When you reach the line with "You are a computer-use" in the data below, begin printing lines exactly, and stop once the line with "Instruction: Find the" has been printed.

▶ _Provided entries_

-*-*-

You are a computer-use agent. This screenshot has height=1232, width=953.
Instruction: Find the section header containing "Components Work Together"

-*-*-

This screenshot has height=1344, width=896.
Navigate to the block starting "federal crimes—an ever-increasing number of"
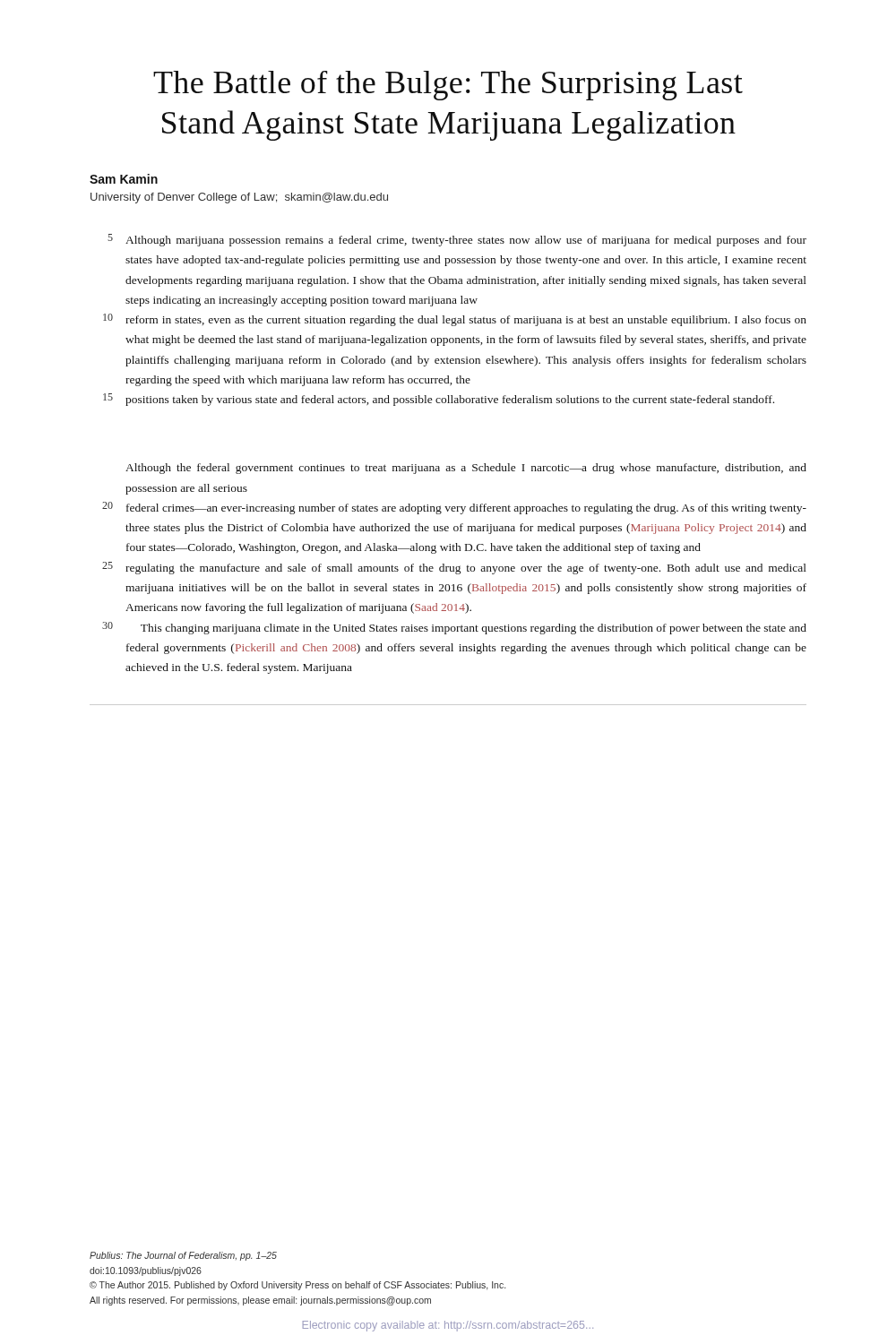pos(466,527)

-*-*-

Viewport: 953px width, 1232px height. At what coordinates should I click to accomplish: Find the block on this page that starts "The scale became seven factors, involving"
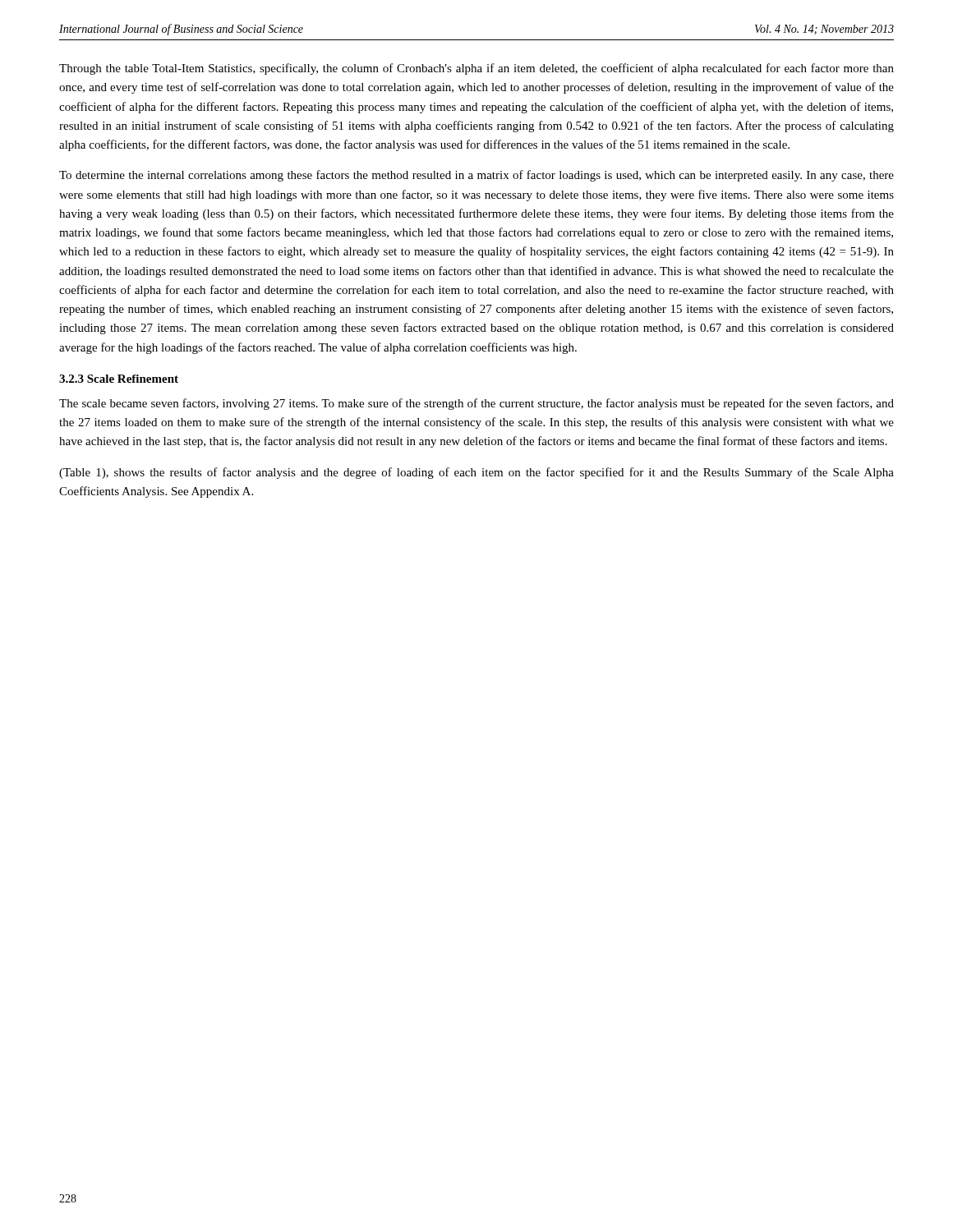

-*-*-

▶ _Exercise output_
You are a computer-use agent. This screenshot has height=1232, width=953.
Instruction: Find the section header containing "Components Work Together"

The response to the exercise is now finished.